Quote the whole listing word for word. Do not include the pictures.

********

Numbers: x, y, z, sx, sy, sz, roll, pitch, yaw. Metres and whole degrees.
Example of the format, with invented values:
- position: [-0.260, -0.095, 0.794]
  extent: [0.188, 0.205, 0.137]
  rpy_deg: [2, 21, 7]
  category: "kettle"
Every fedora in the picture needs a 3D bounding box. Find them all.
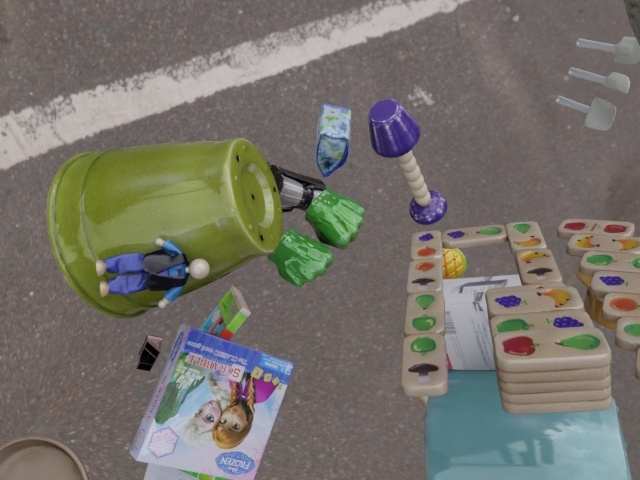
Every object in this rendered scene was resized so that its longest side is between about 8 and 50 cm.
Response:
- position: [0.599, 0.133, 1.126]
  extent: [0.195, 0.079, 0.194]
  rpy_deg: [18, 22, -7]
  category: "fedora"

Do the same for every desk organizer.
- position: [-0.501, 0.331, 1.620]
  extent: [0.047, 0.130, 0.050]
  rpy_deg: [16, 46, -20]
  category: "desk organizer"

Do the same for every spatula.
- position: [0.532, -0.313, 1.078]
  extent: [0.019, 0.168, 0.242]
  rpy_deg: [9, 22, -8]
  category: "spatula"

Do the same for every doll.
- position: [-0.293, 0.061, 0.986]
  extent: [0.189, 0.046, 0.129]
  rpy_deg: [-7, 100, -8]
  category: "doll"

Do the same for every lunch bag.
- position: [0.031, -0.263, 1.476]
  extent: [0.096, 0.151, 0.128]
  rpy_deg: [11, 52, -6]
  category: "lunch bag"

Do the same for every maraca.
- position: [0.393, 0.065, 1.837]
  extent: [0.186, 0.099, 0.127]
  rpy_deg: [23, 103, 4]
  category: "maraca"

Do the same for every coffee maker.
- position: [-0.080, -0.165, 1.701]
  extent: [0.178, 0.120, 0.171]
  rpy_deg: [14, 50, -34]
  category: "coffee maker"

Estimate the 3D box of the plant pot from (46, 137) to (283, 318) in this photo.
- position: [-0.280, -0.053, 1.135]
  extent: [0.366, 0.353, 0.366]
  rpy_deg: [-14, 90, -72]
  category: "plant pot"

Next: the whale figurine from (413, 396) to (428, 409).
- position: [0.413, 0.540, 1.994]
  extent: [0.141, 0.272, 0.216]
  rpy_deg: [-30, 112, -11]
  category: "whale figurine"

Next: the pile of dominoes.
- position: [0.158, 0.025, 0.407]
  extent: [0.251, 0.196, 0.040]
  rpy_deg: [-68, 148, -62]
  category: "pile of dominoes"

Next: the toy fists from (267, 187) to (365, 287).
- position: [0.000, 0.000, 1.429]
  extent: [0.142, 0.096, 0.279]
  rpy_deg: [36, 72, 20]
  category: "toy fists"

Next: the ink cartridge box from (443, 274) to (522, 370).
- position: [0.286, 0.147, 0.945]
  extent: [0.092, 0.218, 0.158]
  rpy_deg: [-44, 119, -46]
  category: "ink cartridge box"

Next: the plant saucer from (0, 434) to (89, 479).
- position: [-0.599, 0.546, 1.142]
  extent: [0.278, 0.041, 0.277]
  rpy_deg: [-2, 74, 7]
  category: "plant saucer"

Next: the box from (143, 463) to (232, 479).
- position: [-0.359, 0.683, 1.499]
  extent: [0.127, 0.231, 0.261]
  rpy_deg: [27, 76, -61]
  category: "box"

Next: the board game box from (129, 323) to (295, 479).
- position: [-0.254, 0.406, 1.363]
  extent: [0.319, 0.066, 0.317]
  rpy_deg: [26, 77, -31]
  category: "board game box"

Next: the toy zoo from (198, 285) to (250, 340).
- position: [-0.306, 0.272, 1.505]
  extent: [0.030, 0.192, 0.293]
  rpy_deg: [38, 89, -21]
  category: "toy zoo"

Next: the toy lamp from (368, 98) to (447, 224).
- position: [0.144, -0.121, 0.898]
  extent: [0.274, 0.080, 0.080]
  rpy_deg: [48, 47, -51]
  category: "toy lamp"

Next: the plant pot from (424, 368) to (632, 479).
- position: [0.305, 0.320, 0.779]
  extent: [0.293, 0.235, 0.292]
  rpy_deg: [36, 48, -53]
  category: "plant pot"

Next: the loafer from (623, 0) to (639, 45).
- position: [0.449, -0.383, 0.714]
  extent: [0.112, 0.112, 0.319]
  rpy_deg: [25, 61, -65]
  category: "loafer"

********

> **WRITTEN RESPONSE**
Numbers: x, y, z, sx, sy, sz, roll, pitch, yaw. Metres and whole degrees.
Example of the format, with invented values:
- position: [-0.260, -0.095, 0.794]
  extent: [0.188, 0.205, 0.137]
  rpy_deg: [2, 21, 7]
  category: "kettle"
Every fedora in the picture needs a 3D bounding box. Find them all.
Every object in this rendered scene was resized so that its longest side is between about 8 and 50 cm.
Response:
- position: [0.599, 0.133, 1.126]
  extent: [0.195, 0.079, 0.194]
  rpy_deg: [18, 22, -7]
  category: "fedora"

Do the same for every desk organizer.
- position: [-0.501, 0.331, 1.620]
  extent: [0.047, 0.130, 0.050]
  rpy_deg: [16, 46, -20]
  category: "desk organizer"

Do the same for every spatula.
- position: [0.532, -0.313, 1.078]
  extent: [0.019, 0.168, 0.242]
  rpy_deg: [9, 22, -8]
  category: "spatula"

Do the same for every doll.
- position: [-0.293, 0.061, 0.986]
  extent: [0.189, 0.046, 0.129]
  rpy_deg: [-7, 100, -8]
  category: "doll"

Do the same for every lunch bag.
- position: [0.031, -0.263, 1.476]
  extent: [0.096, 0.151, 0.128]
  rpy_deg: [11, 52, -6]
  category: "lunch bag"

Do the same for every maraca.
- position: [0.393, 0.065, 1.837]
  extent: [0.186, 0.099, 0.127]
  rpy_deg: [23, 103, 4]
  category: "maraca"

Do the same for every coffee maker.
- position: [-0.080, -0.165, 1.701]
  extent: [0.178, 0.120, 0.171]
  rpy_deg: [14, 50, -34]
  category: "coffee maker"

Estimate the 3D box of the plant pot from (46, 137) to (283, 318) in this photo.
- position: [-0.280, -0.053, 1.135]
  extent: [0.366, 0.353, 0.366]
  rpy_deg: [-14, 90, -72]
  category: "plant pot"

Next: the whale figurine from (413, 396) to (428, 409).
- position: [0.413, 0.540, 1.994]
  extent: [0.141, 0.272, 0.216]
  rpy_deg: [-30, 112, -11]
  category: "whale figurine"

Next: the pile of dominoes.
- position: [0.158, 0.025, 0.407]
  extent: [0.251, 0.196, 0.040]
  rpy_deg: [-68, 148, -62]
  category: "pile of dominoes"

Next: the toy fists from (267, 187) to (365, 287).
- position: [0.000, 0.000, 1.429]
  extent: [0.142, 0.096, 0.279]
  rpy_deg: [36, 72, 20]
  category: "toy fists"

Next: the ink cartridge box from (443, 274) to (522, 370).
- position: [0.286, 0.147, 0.945]
  extent: [0.092, 0.218, 0.158]
  rpy_deg: [-44, 119, -46]
  category: "ink cartridge box"

Next: the plant saucer from (0, 434) to (89, 479).
- position: [-0.599, 0.546, 1.142]
  extent: [0.278, 0.041, 0.277]
  rpy_deg: [-2, 74, 7]
  category: "plant saucer"

Next: the box from (143, 463) to (232, 479).
- position: [-0.359, 0.683, 1.499]
  extent: [0.127, 0.231, 0.261]
  rpy_deg: [27, 76, -61]
  category: "box"

Next: the board game box from (129, 323) to (295, 479).
- position: [-0.254, 0.406, 1.363]
  extent: [0.319, 0.066, 0.317]
  rpy_deg: [26, 77, -31]
  category: "board game box"

Next: the toy zoo from (198, 285) to (250, 340).
- position: [-0.306, 0.272, 1.505]
  extent: [0.030, 0.192, 0.293]
  rpy_deg: [38, 89, -21]
  category: "toy zoo"

Next: the toy lamp from (368, 98) to (447, 224).
- position: [0.144, -0.121, 0.898]
  extent: [0.274, 0.080, 0.080]
  rpy_deg: [48, 47, -51]
  category: "toy lamp"

Next: the plant pot from (424, 368) to (632, 479).
- position: [0.305, 0.320, 0.779]
  extent: [0.293, 0.235, 0.292]
  rpy_deg: [36, 48, -53]
  category: "plant pot"

Next: the loafer from (623, 0) to (639, 45).
- position: [0.449, -0.383, 0.714]
  extent: [0.112, 0.112, 0.319]
  rpy_deg: [25, 61, -65]
  category: "loafer"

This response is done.